── Input ──

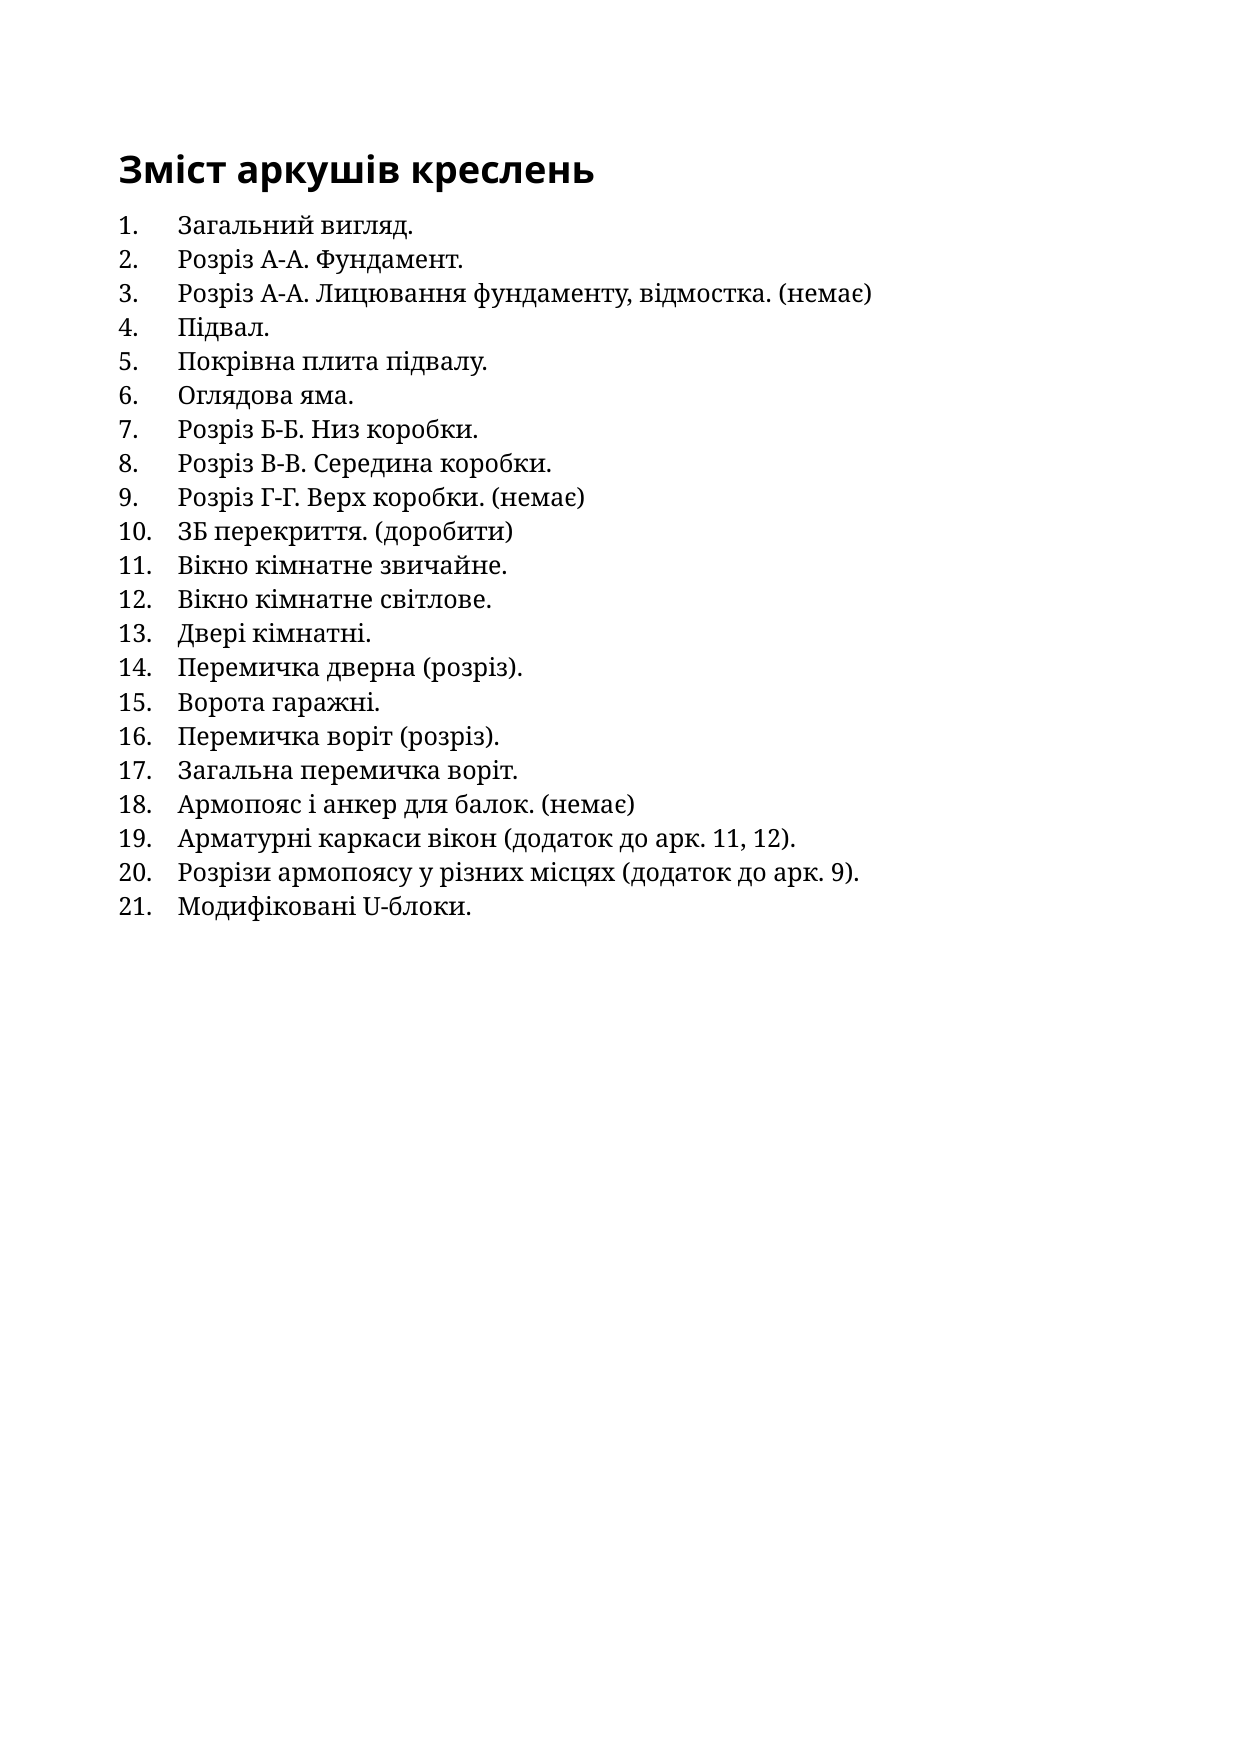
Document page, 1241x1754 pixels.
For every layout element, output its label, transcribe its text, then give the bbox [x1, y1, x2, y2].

list Покрівна плита підвалу. [118, 343, 1122, 378]
list Оглядова яма. [118, 378, 1122, 412]
list Арматурні каркаси вікон (додаток до арк. 11, 12). [118, 820, 1122, 854]
list Розріз В-В. Середина коробки. [118, 446, 1122, 480]
list Модифіковані U-блоки. [118, 888, 1122, 923]
list Армопояс і анкер для балок. (немає) [118, 786, 1122, 820]
list Вікно кімнатне світлове. [118, 582, 1122, 616]
list Перемичка дверна (розріз). [118, 650, 1122, 684]
list Розріз А-А. Фундамент. [118, 241, 1122, 275]
list Ворота гаражні. [118, 684, 1122, 718]
list Розріз Г-Г. Верх коробки. (немає) [118, 480, 1122, 514]
list Вікно кімнатне звичайне. [118, 548, 1122, 582]
list Загальна перемичка воріт. [118, 752, 1122, 786]
list Підвал. [118, 309, 1122, 343]
subtitle Зміст аркушів креслень [118, 143, 1122, 195]
list Розрізи армопоясу у різних місцях (додаток до арк. 9). [118, 854, 1122, 888]
list Двері кімнатні. [118, 616, 1122, 650]
list Розріз Б-Б. Низ коробки. [118, 412, 1122, 446]
list ЗБ перекриття. (доробити) [118, 514, 1122, 548]
list Загальний вигляд. [118, 207, 1122, 241]
list Перемичка воріт (розріз). [118, 718, 1122, 752]
list Розріз А-А. Лицювання фундаменту, відмостка. (немає) [118, 275, 1122, 309]
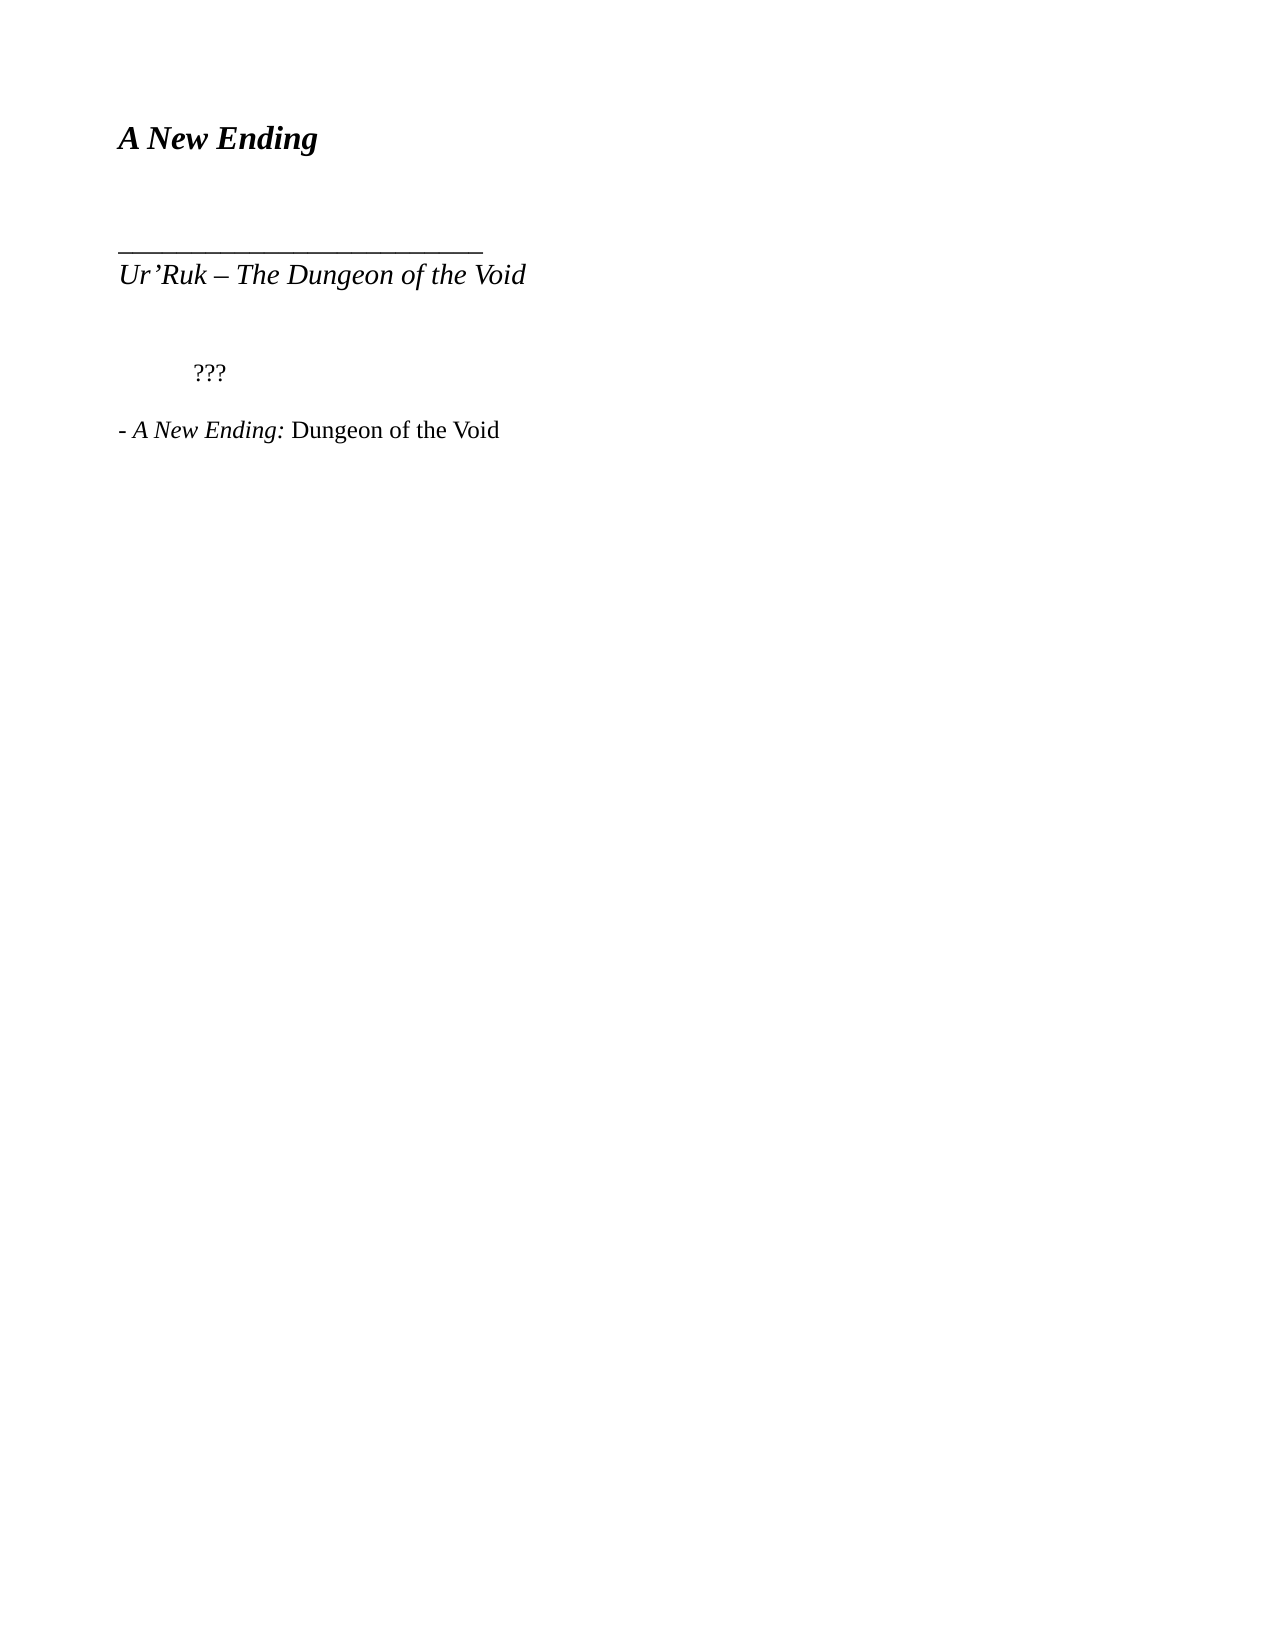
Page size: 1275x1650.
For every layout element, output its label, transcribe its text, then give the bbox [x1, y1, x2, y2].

───

> Exercise objective: Only the lines from the one containing "Page size: 1275x1650." through the end of the material should be copied, exactly as they stand; please keep both ends.

> Response for this exercise:
Page size: 1275x1650.
For every layout element, output its label, transcribe its text, then give the bbox [x1, y1, x2, y2].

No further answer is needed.